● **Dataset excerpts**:
----
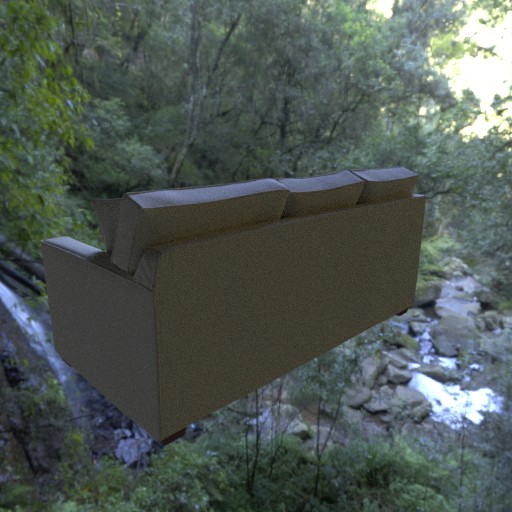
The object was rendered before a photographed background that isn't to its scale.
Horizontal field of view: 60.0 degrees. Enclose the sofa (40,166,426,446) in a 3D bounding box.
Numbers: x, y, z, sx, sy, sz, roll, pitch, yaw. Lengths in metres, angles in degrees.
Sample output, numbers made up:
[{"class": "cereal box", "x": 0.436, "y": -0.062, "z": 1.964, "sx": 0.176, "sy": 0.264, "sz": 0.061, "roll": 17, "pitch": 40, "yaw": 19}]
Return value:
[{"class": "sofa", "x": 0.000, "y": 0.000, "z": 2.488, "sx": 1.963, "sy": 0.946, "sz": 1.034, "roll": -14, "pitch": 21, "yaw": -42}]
----
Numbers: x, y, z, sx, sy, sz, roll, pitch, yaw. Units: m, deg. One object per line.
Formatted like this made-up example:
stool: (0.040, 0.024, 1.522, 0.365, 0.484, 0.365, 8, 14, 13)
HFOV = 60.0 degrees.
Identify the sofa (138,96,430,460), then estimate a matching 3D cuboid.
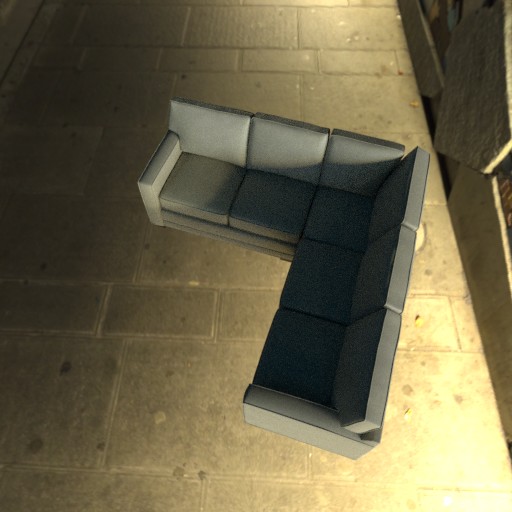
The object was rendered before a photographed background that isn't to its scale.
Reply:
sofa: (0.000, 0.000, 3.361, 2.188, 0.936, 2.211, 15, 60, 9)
----
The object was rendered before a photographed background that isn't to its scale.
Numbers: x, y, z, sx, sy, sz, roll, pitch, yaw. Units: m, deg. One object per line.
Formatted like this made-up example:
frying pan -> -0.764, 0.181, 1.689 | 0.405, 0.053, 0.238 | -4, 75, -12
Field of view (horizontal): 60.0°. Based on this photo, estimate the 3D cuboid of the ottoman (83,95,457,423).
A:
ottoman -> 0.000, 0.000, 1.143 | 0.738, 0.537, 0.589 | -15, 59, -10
----
● **What to do**:
Give the number of lines above that hold the word "estimate", and nothing more.

● **Answer to this task**:
2